18 Ekim 2012 Perşembe

The Spring Hill Brewery

Red dot marks location of the Spring Hill Brewery
With all of the variety of industries and manufactories that have operated in Mill Creek Hundred over the past 300 years, there is one type that breaks my heart to say (as far as I know) has never been present -- a brewery. (And no, the Mr. Beer in your basement doesn't count.) Luckily, though, if you were around 120 years ago, there was one literally a stones throw away in Christiana Hundred. I've heard stories -- mostly not far above urban legend level -- of the existence of a 19th Century brewery for a while now, but I had never been able to find any more information about it. Then, the other day, while looking for something completely unrelated, I stumbled across a reference to it that contained the name of the brewery and the man who ran it. Yea for serendipity!!

All I really knew about the brewery before was that it was located on the other (east) side of Red Clay Creek somewhere near the Wooddale Quarry. The quarry is located just north of the former Delaware Iron Works, along the Wilmington & Western Railroad tracks. It was used by the B&O (of which the Wilmington & Western was then a part) as a source for ballast stone (the stones lying under and around the tracks). The quarry was last used in 1932 to aid in construction of the nearby Hoopes Reservoir dam. Today, the site of the quarry is easily visible from the railroad, with the 175 foot sheer-face back wall providing an impressive backdrop for the house now located where Italian immigrants once toiled. Stating the brewery's location in relation to the iron works and the quarry is not an arbitrary choice -- they were in large part the reason for its existance. Or, more precisely, their workers were the reason. 


The Spring Hill Brewery was the creation of German immigrant F. Herman Biederman*, who came to the United States in 1854. He originally settled in Chesapeake City, MD, where he worked on a farm for five years. In 1859, Biederman moved to Chester County, PA, where he stayed for another three years. Finally, in 1862, he settled on a small tract of land on the western edge of Christiana Hundred, right next to where Barley Mill Road crosses Red Clay Creek. He moved to the Wooddale area to work at the Delaware Iron Works, where he was employed for 21 years. Sometime during that period, probably in the late 1860's, Biederman built a brewery on his property at a cost of $2000. And unlike when we usually say someone "built" something (meaning they had it built for them), it appears that Herman Biederman actually did build his brewery himself.

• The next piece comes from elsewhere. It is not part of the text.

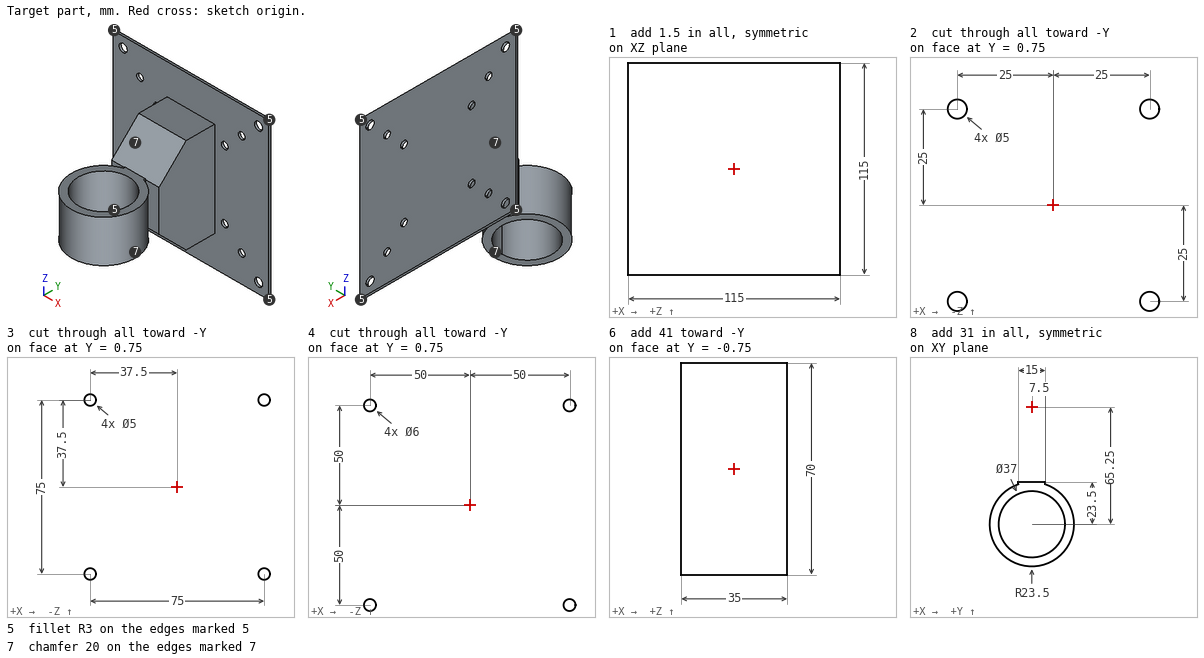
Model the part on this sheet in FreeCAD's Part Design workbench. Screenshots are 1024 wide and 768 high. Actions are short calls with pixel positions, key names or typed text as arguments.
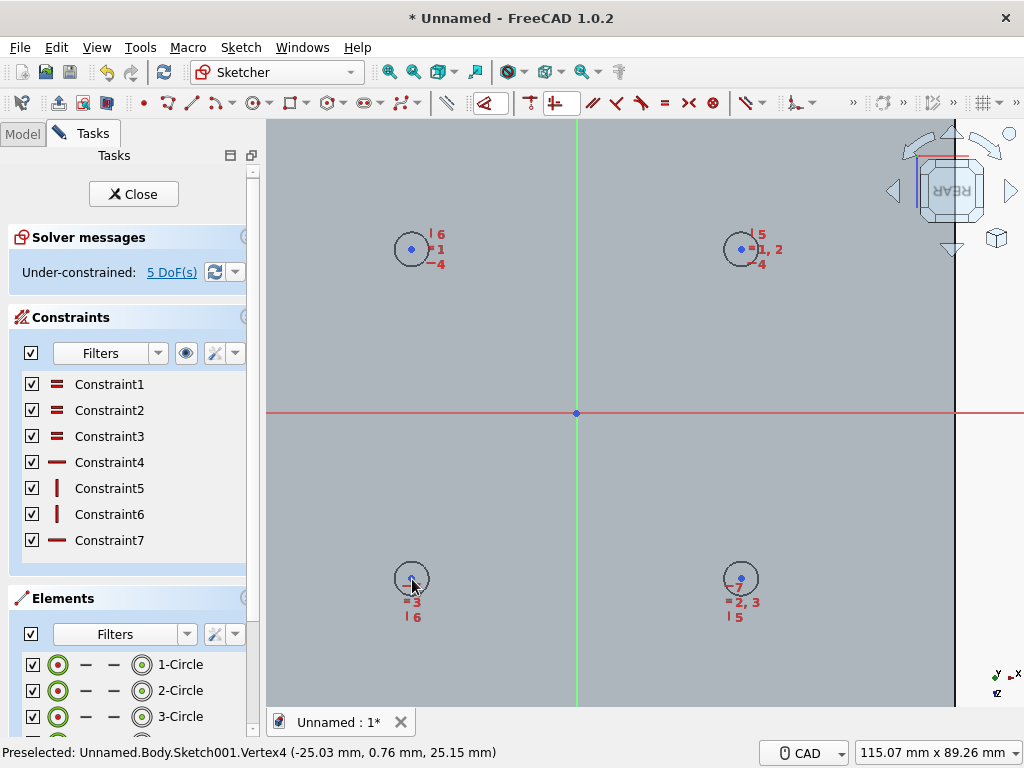
key(d)

Herman Biederman on the 1881 Hopkins map

The Altenburg, Saxony native was much more than just a farm laborer or iron mill worker -- he was something of a mechanical and woodworking genius. He excelled at creating iron and wooden mechanical devices and toys, and built both his actual brewery and the machinery within himself. In a newspaper column marking his 85th birthday in 1918*, there is mention of a mechanical toy he built that was displayed for a time in Wilmington:
Many Delawareans will remember that he fashioned, with nothing but a penknife, a huge mechanical toy about 25 feet long by 15 feet deep, every part of which was operated by water power. This toy was exhibited in this city at one time as a rare curiosity.
Biederman operated his self-built brewery for about twenty years, until turning it over to his son, George F. Biederman (1866-1905). Frustratingly, there is almost no mention whatsoever of the Spring Hill Brewery in the historical record. Among the things basically not explained is how or where Spring Hill sold its product. In his Hockessin: A Pictorial History, Joseph Lake notes that a particular saloon in that village "sold a draft beer produced by a small brewery in Mt. Cuba". I think he's probably referring here to Spring Hill. I haven't found any indications that Biederman ran his own saloon (which city breweries often did), so he may have sold directly or distributed to local taverns, like the one in Hockessin. My hope is that someday someone with a Spring Hill Brewery bottle (if they exist) will come across this post and send me a picture. [I've since been told that Spring Hill bottles do occasionally surface with collectors, but are rare.]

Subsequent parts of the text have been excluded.